Is there a depth buffer bound? And if so, is depth testing enabled? First glance looks like it's getting rejected. If you look in the event history (usually on the side of the graphics debugger) you may see a little symbol that looks like a crossed out 'Z' (if I'm remembering correctly).
Subresources can be in different states, but the rules still apply when setting resource barriers in that the before and after states must be correct. So for example, you could set mip level 0 to a shader resource and mip level 1 as a render target. See the documentation for D3D12_RESOURCE_TRANSITION_BARRIER, specifically the Subresource member.
You can definitely re-use command lists, as well as command allocators, albeit at different paces.

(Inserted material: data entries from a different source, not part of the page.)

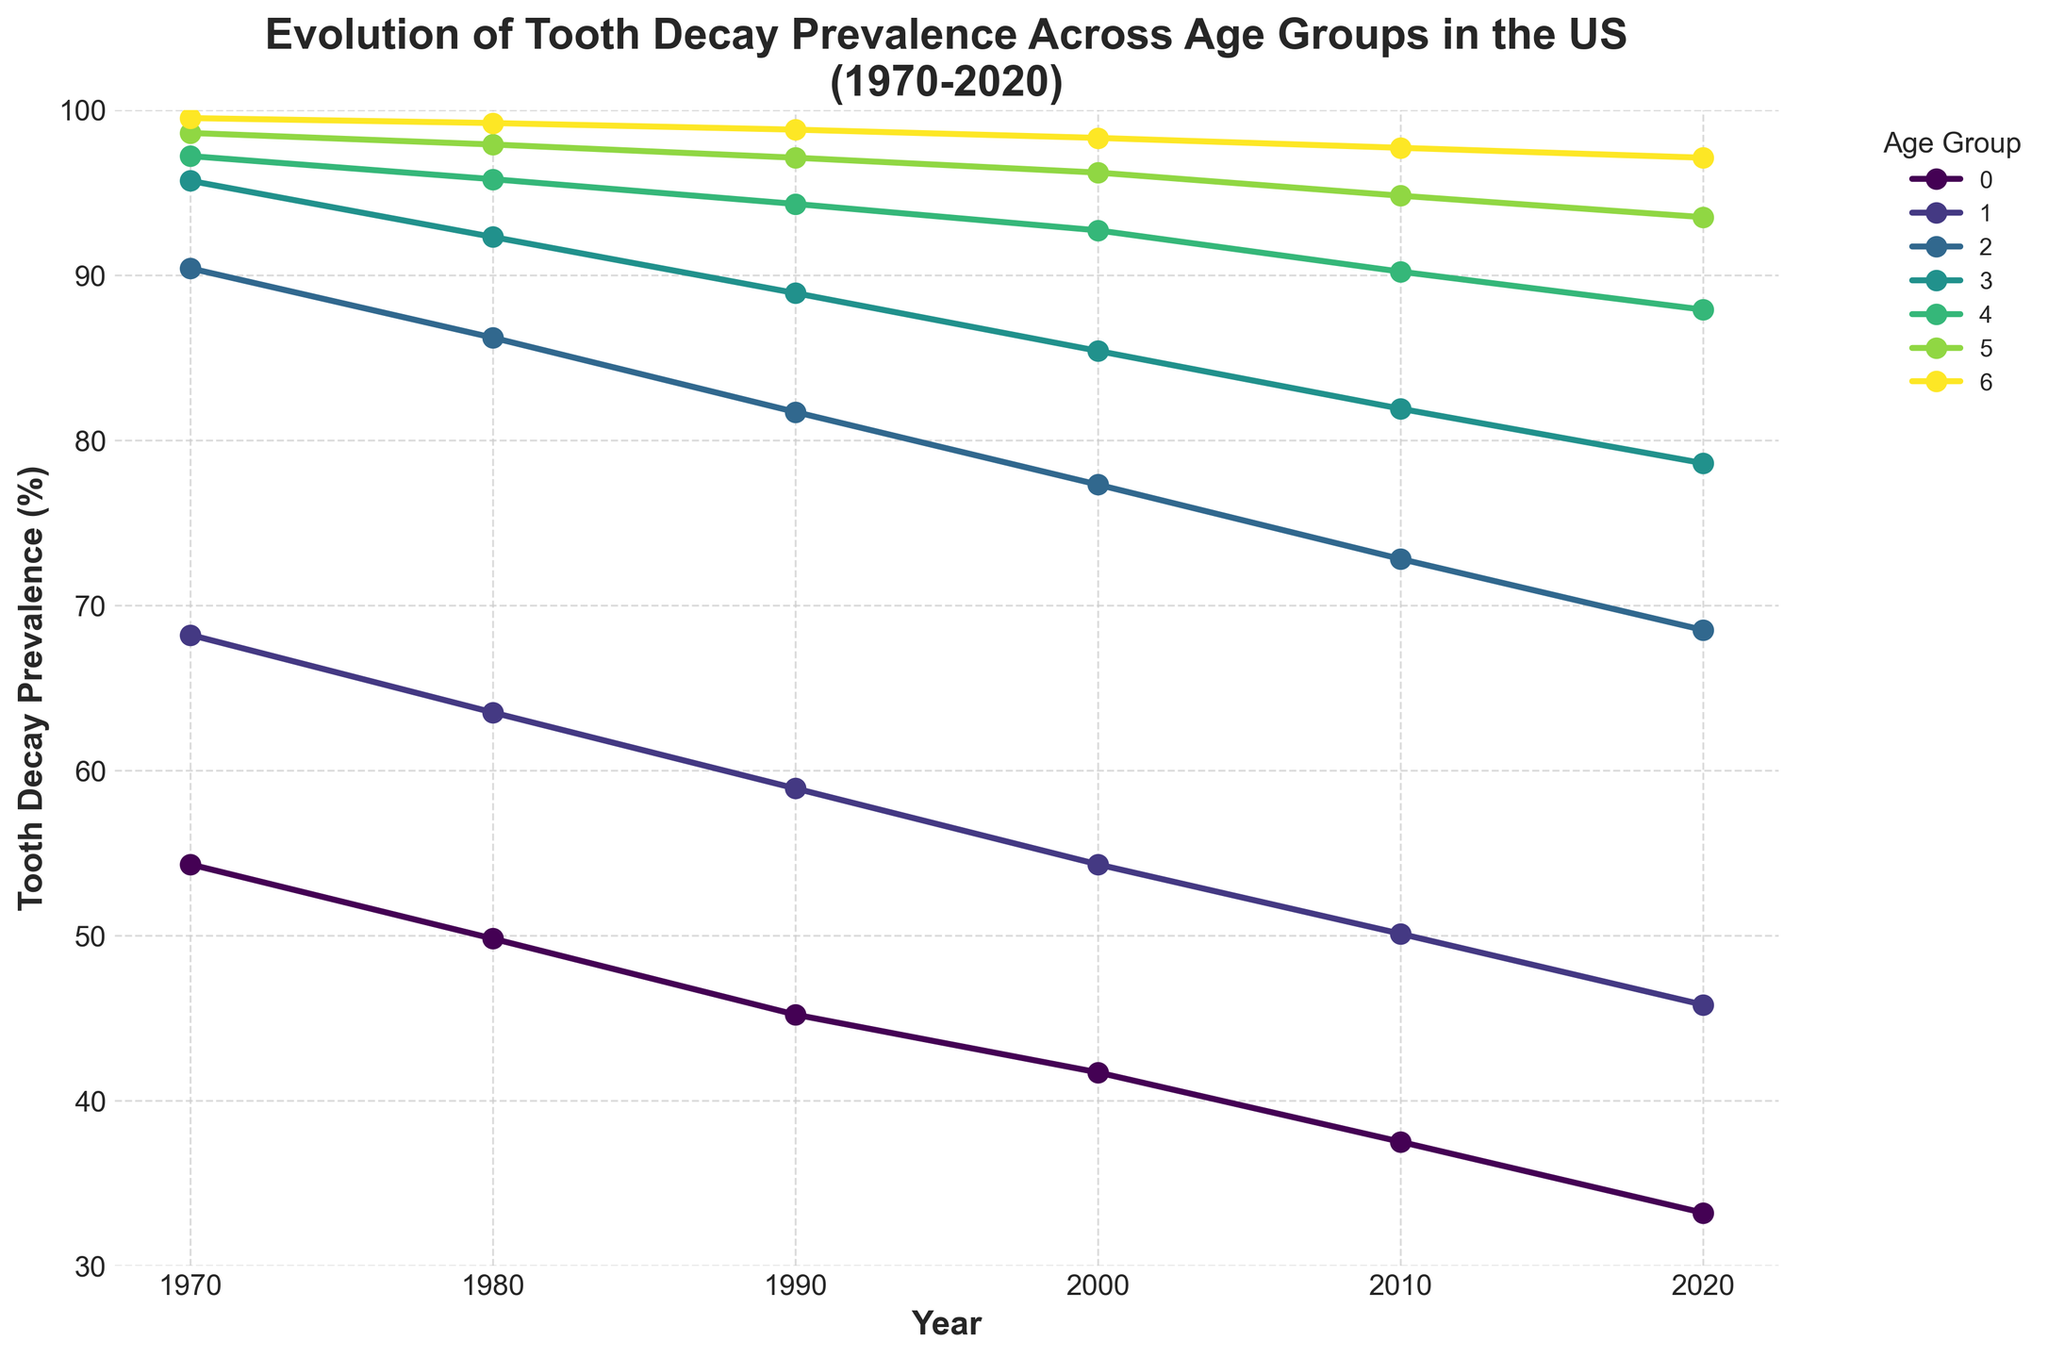What is the overall trend in tooth decay prevalence for the age group 2-5 years from 1970 to 2020? The line chart shows a consistent decline in tooth decay prevalence for the age group 2-5 years from 1970 to 2020, starting at 54.3% in 1970 and decreasing to 33.2% in 2020.
Answer: Decline Which age group experienced the smallest decrease in tooth decay prevalence from 1970 to 2020? By comparing all the age groups' data, the 65+ years age group shows the smallest decrease, from 99.5% in 1970 to 97.1% in 2020, a difference of 2.4%.
Answer: 65+ years Between the years 2000 and 2020, which age group had the most significant reduction in tooth decay prevalence? By visually inspecting the change from 2000 to 2020 for all age groups, the age group 2-5 years decreased from 41.7% to 33.2%, a reduction of 8.5%, the largest among all groups.
Answer: 2-5 years Which age group had the highest tooth decay prevalence in the year 1980? Looking at the plot for the year 1980, the age group 65+ years had the highest prevalence of 99.2%.
Answer: 65+ years How much did the tooth decay prevalence for the 35-49 years age group change over the 50-year period from 1970 to 2020? The data shows a decrease from 97.2% in 1970 to 87.9% in 2020, giving a change of 97.2 - 87.9 = 9.3%.
Answer: 9.3% What is the average tooth decay prevalence for the 6-11 years age group across all recorded years? The values for 6-11 years group are 68.2, 63.5, 58.9, 54.3, 50.1, and 45.8. Summing these up gives 340.8, and dividing by 6 gives an average of 340.8 / 6 ≈ 56.8%.
Answer: 56.8% In the year 1990, which two age groups had the closest tooth decay prevalence? From the plot, in 1990, the age groups 12-19 years and 20-34 years had prevalences of 81.7% and 88.9%, respectively, giving a difference of 88.9 - 81.7 = 7.2%, which is the smallest among the combinations.
Answer: 12-19 years and 20-34 years What is the combined tooth decay prevalence for all age groups in the year 2000? Adding the values for all age groups in 2000: 41.7 + 54.3 + 77.3 + 85.4 + 92.7 + 96.2 + 98.3 = 545.9%.
Answer: 545.9% Between 1970 and 2020, which age group experienced the highest initial tooth decay prevalence and what was its value? The age group 65+ years had the highest initial tooth decay prevalence at 99.5% in 1970.
Answer: 99.5%

You can think of a command list as providing the interface to write instructions to the command allocator. The command allocator is basically just a chunk of memory that lives somewhere. It doesn't really matter exactly where - that's for the driver implementer to decide. When you submit a command list to the command queue, you're basically saying "this is the next chunk of work for the GPU to complete and here's the chunk of memory that contains all the instructions". Even if the GPU immediately takes that work on (it probably won't), you still need that chunk of memory containing the instructions to be available the entire time they're being processed and executed.
So for command lists, you can reset them as soon as you have submitted them to the command queue and immediately begin to reuse them, because all you're really resetting is the command allocator they're using. However, you must not reset the command allocator that's just been submitted until you are completely sure that all GPU work has completed. Once you're sure the GPU has finished working on the tasks submitted to it, then you're free to cycle back and reset/reuse that allocator.
I'd recommend searching this site for ID3D12Fence. I'm sure I've seen a few posts over the past few months that have touched on this topic and show how to synchronize command list and allocator usage across multiple frames. To get you started, though, you'll need to think in terms of having enough allocators to cover however many frames of latency you'll be working with.